(Action item):
Quote each line of the material verbatim, without the pictures.
Start of Records to use
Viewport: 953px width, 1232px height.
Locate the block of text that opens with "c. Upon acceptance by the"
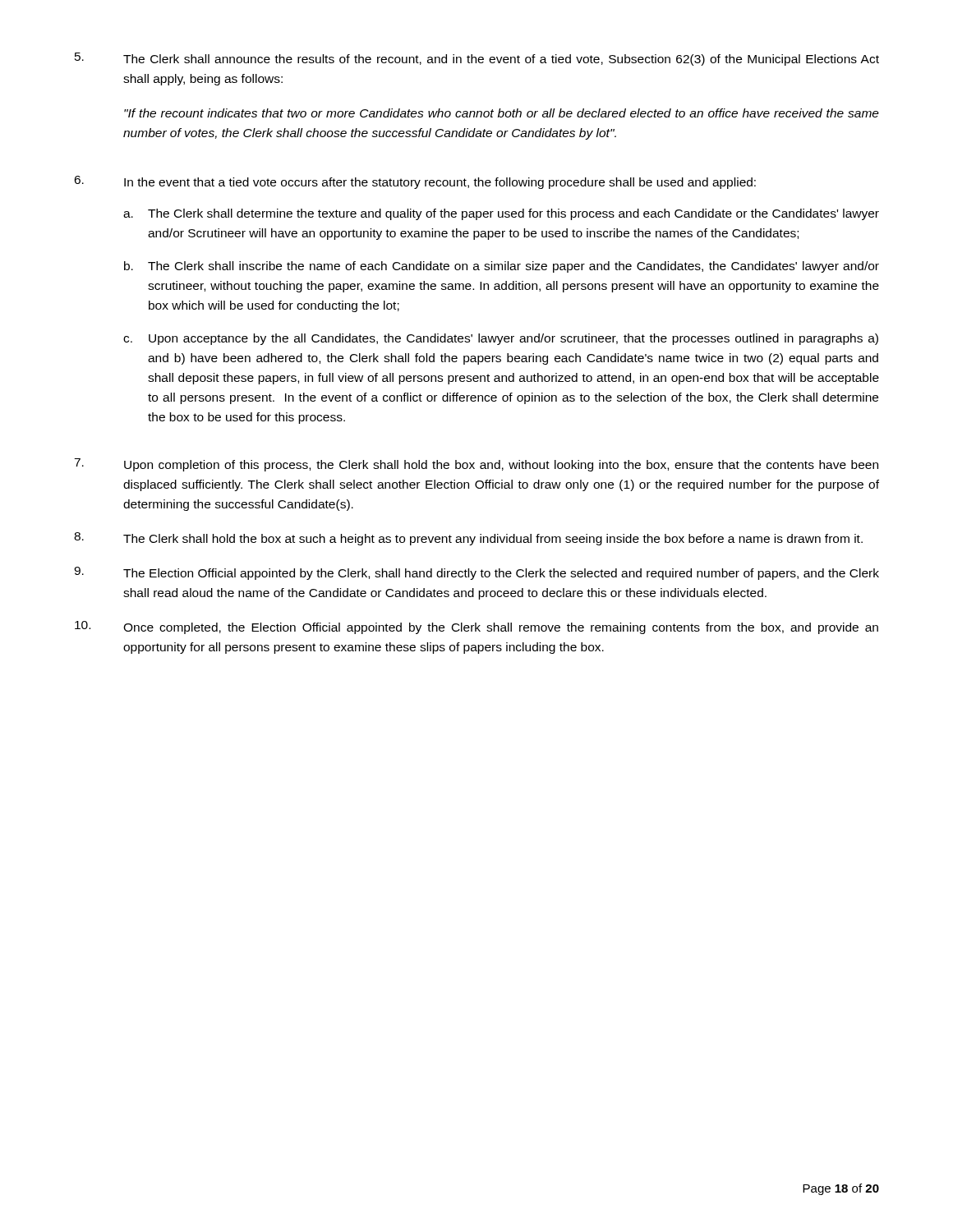pyautogui.click(x=501, y=378)
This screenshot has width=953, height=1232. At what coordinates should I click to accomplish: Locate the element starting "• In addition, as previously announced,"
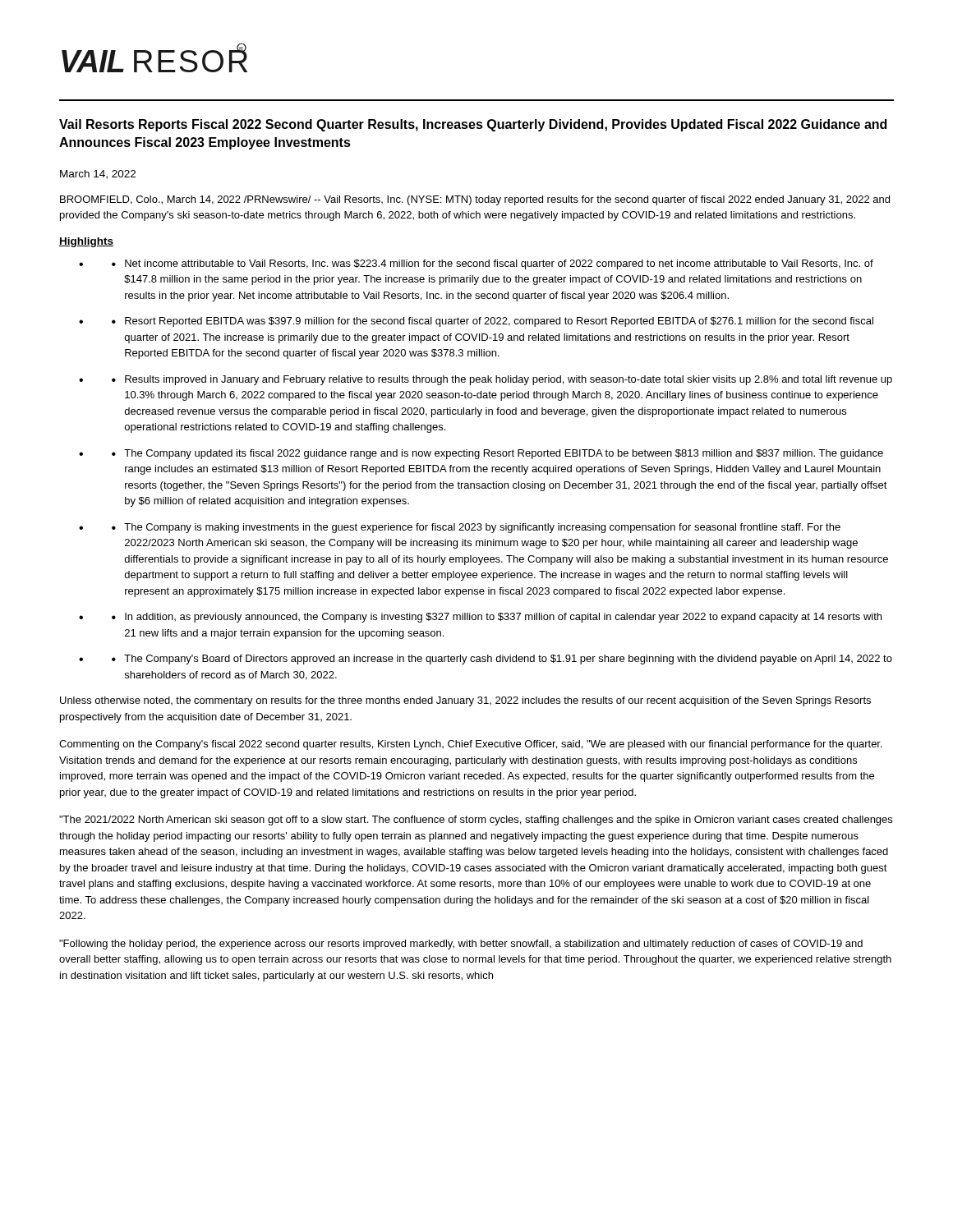coord(503,625)

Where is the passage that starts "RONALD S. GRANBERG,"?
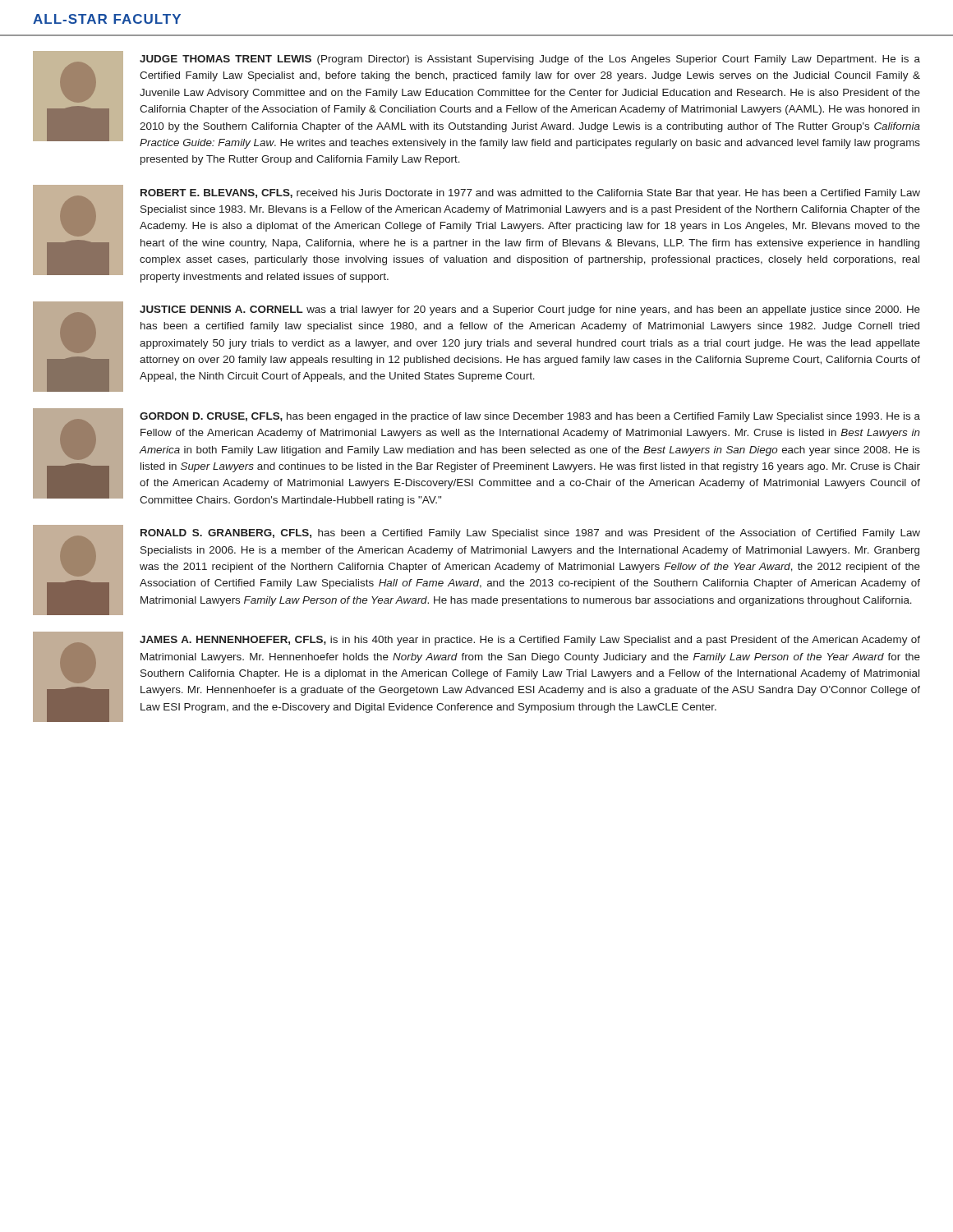530,566
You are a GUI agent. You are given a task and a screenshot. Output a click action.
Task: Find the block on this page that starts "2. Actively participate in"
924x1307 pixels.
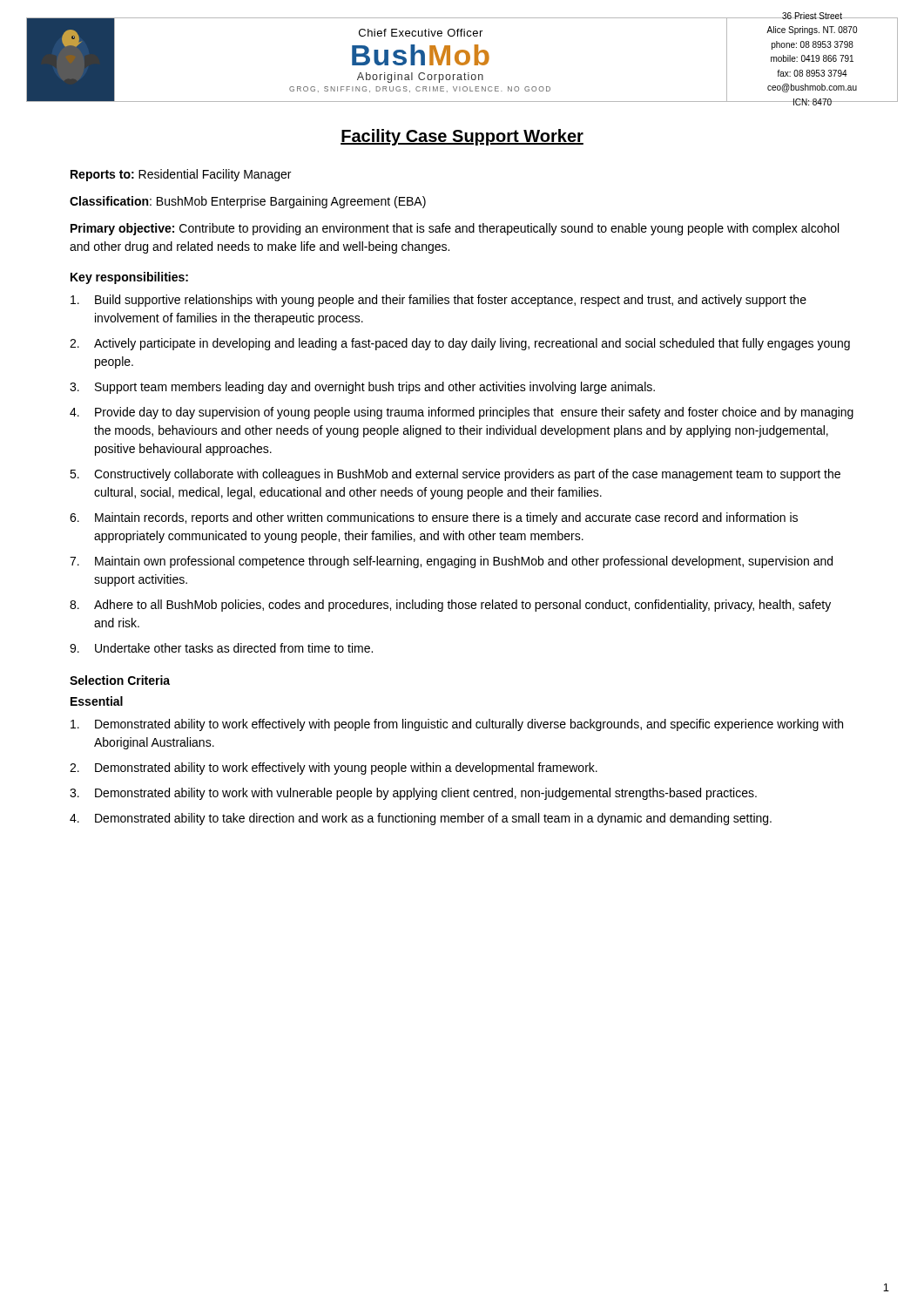pos(462,353)
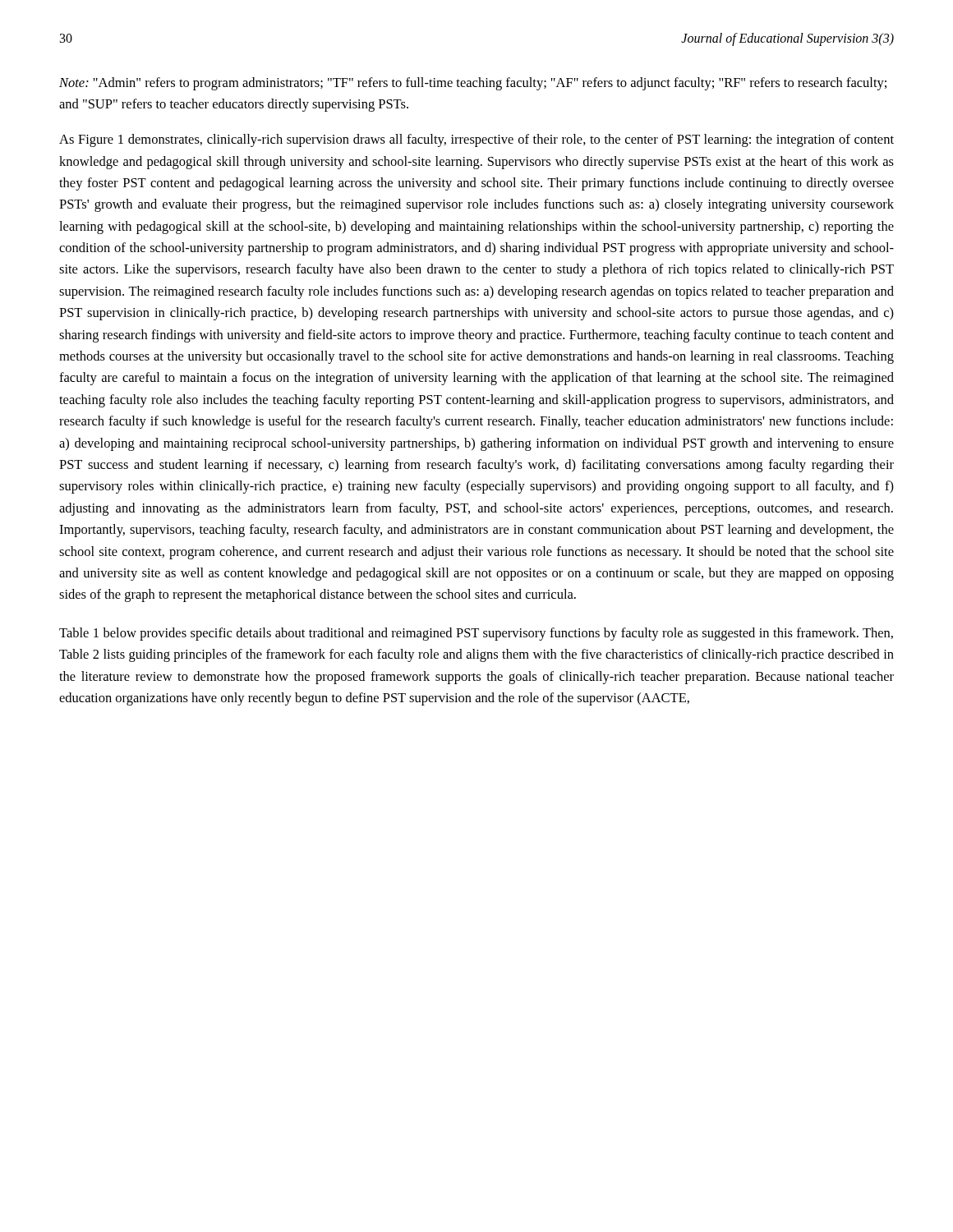Click on the footnote with the text "Note: "Admin" refers to program administrators; "TF" refers"

(x=473, y=93)
End of Records to use
(Task output):
Viewport: 953px width, 1232px height.
Locate the block of text that opens with "c. Upon acceptance by the"
pyautogui.click(x=501, y=378)
This screenshot has width=953, height=1232. At what coordinates should I click to accomplish: Locate the element starting "• In addition, as previously announced,"
coord(503,625)

Where is the passage that starts "RONALD S. GRANBERG,"?
530,566
You are a GUI agent. You are given a task and a screenshot. Output a click action.
Task: Find the block on this page that starts "2. Actively participate in"
924x1307 pixels.
pos(462,353)
Click on the footnote with the text "Note: "Admin" refers to program administrators; "TF" refers"

(x=473, y=93)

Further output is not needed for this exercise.